### [What to produce]
Your answer should be every line of the records that contains the word "example", copied as it stands.

### [Available records]
►

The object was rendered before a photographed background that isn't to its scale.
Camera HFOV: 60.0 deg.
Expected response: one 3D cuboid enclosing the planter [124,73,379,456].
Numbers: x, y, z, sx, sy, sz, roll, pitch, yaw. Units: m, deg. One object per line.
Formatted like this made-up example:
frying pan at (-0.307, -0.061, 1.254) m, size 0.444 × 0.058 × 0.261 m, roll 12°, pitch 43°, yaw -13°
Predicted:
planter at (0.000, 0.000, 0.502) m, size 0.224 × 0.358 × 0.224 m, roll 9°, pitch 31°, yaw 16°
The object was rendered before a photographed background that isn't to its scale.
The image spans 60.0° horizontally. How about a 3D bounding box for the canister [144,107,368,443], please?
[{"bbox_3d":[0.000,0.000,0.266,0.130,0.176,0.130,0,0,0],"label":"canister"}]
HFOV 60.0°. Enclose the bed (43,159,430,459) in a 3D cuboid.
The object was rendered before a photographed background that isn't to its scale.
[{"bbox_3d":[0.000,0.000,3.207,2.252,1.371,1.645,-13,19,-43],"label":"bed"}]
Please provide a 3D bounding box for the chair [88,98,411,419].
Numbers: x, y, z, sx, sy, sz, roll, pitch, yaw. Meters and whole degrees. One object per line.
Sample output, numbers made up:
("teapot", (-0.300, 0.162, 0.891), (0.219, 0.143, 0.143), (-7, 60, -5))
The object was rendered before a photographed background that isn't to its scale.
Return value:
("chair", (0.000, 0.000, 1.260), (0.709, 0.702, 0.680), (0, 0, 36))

◄
►

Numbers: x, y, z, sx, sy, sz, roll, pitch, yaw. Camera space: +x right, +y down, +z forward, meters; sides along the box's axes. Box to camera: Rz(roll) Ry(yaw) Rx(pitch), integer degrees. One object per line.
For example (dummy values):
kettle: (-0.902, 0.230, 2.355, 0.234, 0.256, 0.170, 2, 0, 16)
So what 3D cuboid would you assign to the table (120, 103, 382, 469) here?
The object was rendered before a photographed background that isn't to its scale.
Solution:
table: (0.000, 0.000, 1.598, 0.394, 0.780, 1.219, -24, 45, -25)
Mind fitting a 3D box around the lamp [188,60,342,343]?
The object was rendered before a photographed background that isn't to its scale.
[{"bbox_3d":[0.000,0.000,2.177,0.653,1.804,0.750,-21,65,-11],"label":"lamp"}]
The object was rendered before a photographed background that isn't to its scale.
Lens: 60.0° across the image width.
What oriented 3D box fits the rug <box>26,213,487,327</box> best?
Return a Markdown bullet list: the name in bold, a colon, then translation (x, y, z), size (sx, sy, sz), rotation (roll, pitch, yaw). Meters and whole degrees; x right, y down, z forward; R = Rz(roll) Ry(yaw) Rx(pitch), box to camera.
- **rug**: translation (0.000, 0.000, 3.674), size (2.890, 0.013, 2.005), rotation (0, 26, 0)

◄

### [Solution]
Formatted like this made-up example:
For example (dummy values):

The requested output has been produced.